Meio & Mensagem: Quando você
retornou ao Brasil para assumir a Neogama, no final de 2015 (após a agência ter
saído da rede BBH) já havia a intenção de deixar a operação algum tempo depois?
Quando que, de fato, essa decisão de deixar a Neogama foi tomada?
Alexandre Gama: intenção de deixar a Neogama ocorreu automaticamente no momento da
venda da agência para o Publicis Groupe em 2012. Já estava definida há 6 anos
atrás e era só uma questão de quando. Nada intempestivo portanto. É uma decisão
empresarial. Tanto que os outros dois sócios que a agência tinha também já
saíram e bem antes de mim. A razão é
obviamente a própria venda, já que permanecer executivo do negócio onde se foi
o dono é algo que não se sustenta no tempo.

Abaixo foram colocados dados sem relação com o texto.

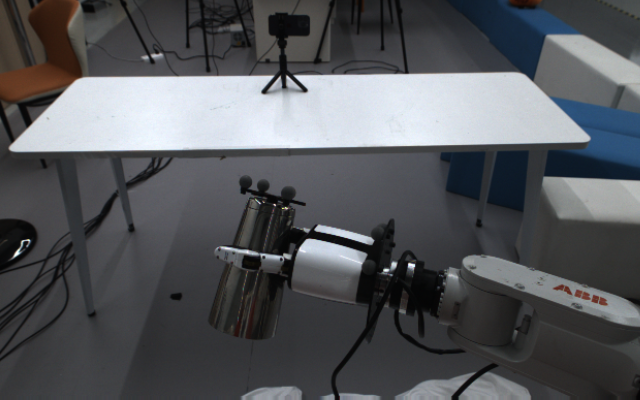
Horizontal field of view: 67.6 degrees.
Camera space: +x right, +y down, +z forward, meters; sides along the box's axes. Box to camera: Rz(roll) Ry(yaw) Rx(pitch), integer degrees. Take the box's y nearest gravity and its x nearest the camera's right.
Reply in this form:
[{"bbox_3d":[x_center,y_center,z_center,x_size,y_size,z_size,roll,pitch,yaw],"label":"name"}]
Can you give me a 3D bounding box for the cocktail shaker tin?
[{"bbox_3d":[-0.084,0.086,0.643,0.093,0.170,0.093,13,2,0],"label":"cocktail shaker tin"}]
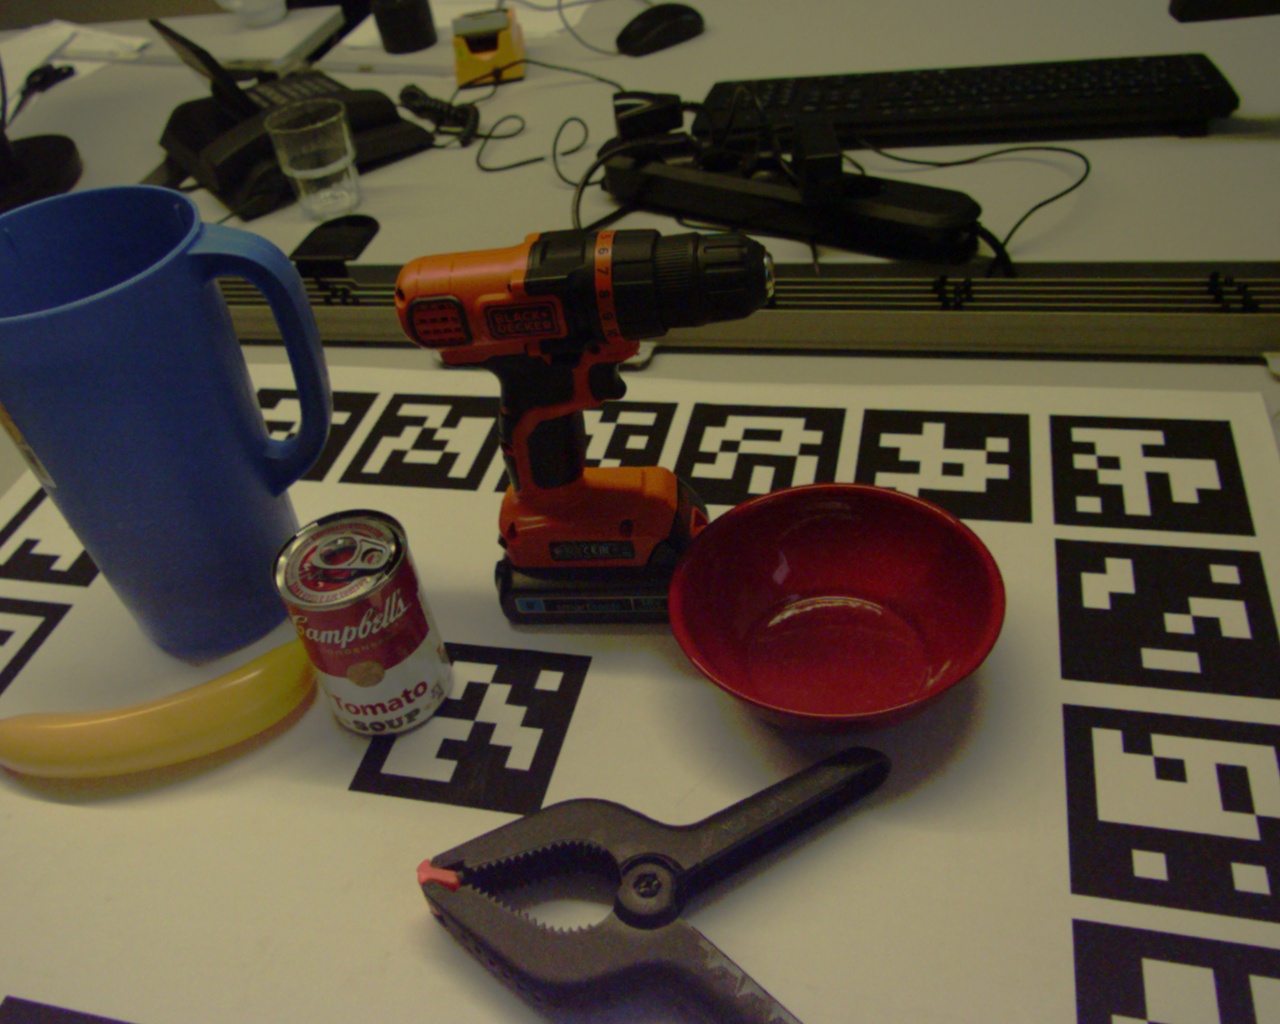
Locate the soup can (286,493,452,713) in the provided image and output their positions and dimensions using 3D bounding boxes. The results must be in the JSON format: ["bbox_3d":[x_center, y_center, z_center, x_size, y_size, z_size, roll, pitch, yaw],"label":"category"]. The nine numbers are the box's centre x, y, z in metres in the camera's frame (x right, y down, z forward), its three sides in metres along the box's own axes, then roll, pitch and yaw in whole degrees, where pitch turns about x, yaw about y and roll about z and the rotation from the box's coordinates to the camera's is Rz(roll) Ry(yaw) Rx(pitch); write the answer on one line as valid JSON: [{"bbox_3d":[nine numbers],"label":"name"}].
[{"bbox_3d":[-0.144,0.050,0.619,0.068,0.101,0.068,-6,34,3],"label":"soup can"}]

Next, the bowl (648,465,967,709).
[{"bbox_3d":[0.087,0.048,0.603,0.162,0.055,0.162,-7,44,6],"label":"bowl"}]

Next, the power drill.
[{"bbox_3d":[-0.019,-0.057,0.615,0.185,0.186,0.057,0,44,10],"label":"power drill"}]

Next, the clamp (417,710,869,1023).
[{"bbox_3d":[-0.001,0.157,0.510,0.204,0.036,0.165,1,48,13],"label":"clamp"}]

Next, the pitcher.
[{"bbox_3d":[-0.259,-0.050,0.645,0.188,0.241,0.134,-14,39,-4],"label":"pitcher"}]

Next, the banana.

Vários amigos e outros
empresários me perguntavam constantemente o que eu ainda estava fazendo ali.
Mas a saída efetiva de um acionista majoritário da empresa que fundou e dirige,
nunca acontece no tempo de um executivo ou funcionário por exemplo. Há uma
série de mecanismos contratuais ligados principalmente ao “earn out” que fazem
parte da equacão da venda. Sair não é um ato – é um processo. E da intenção e
decisão, até à implementação, muita água rola embaixo da ponte. O fato é que o
planejado e escrito foi seguido à risca e os passos foram sendo dados na
direção da liberdade empresarial. Há também pessoas que nem sabiam e outras que
já tinham até se esquecido que eu havia vendido a agência há quase
seis anos. Talvez, também por isso tenha parecido surpreendente eu
sair agora. Mas devia ser longe de uma surpresa. A surpresa seria eu ficar
ainda mais tempo. Importante: as pessoas não se deram conta talvez de que
quando fiz a exposicão “Ideia e Forma – Alexandre Gama” em 2014 no MAB- Museu
de Arte Brasileira, eu já estava fechando o capítulo Neogama. O livro da
exposição tem prefácio, meio e epílogo. E tudo dessa fase de existência da
agencia é sumarizado ali.
M&M: Quais foram os fatores que
pesaram na sua decisão de deixar a agência que fundou? O atual cenário do
mercado de comunicação teve algum peso nessa decisão?
Gama: Tenho veia empresarial, gosto de empreender. Gosto de
independência e liberdade de atuação. Gosto de trabalhar do meu jeito e foi por
isso que criei meu negócio. Era natural portanto, sair quando já não fosse
mais meu. Não gosto de jogos corporativos nem da dinâmica da vida executiva. E não acredito na qualidade de governança
da maioria das agências que se tornaram corporações com múltiplos níveis
hierárquicos e estrutura inchada, lenta e burocrática. Quando criei a
Neogama via as coisas muito diferente disso e queria construir uma cultura
própria de trabalho em comunicação. Fiz. Está feito. Pronto. Foi sucesso e a
venda dessa criação – mais de um ano depois da venda do meu outro
sócio, a BBH – foi uma das transações de maior valor do mercado brasileiro até
então. Missão cumprida. A saída me deixa livre para empreender de novo. E
estou me sentindo muito feliz e motivado com essa possibilidade.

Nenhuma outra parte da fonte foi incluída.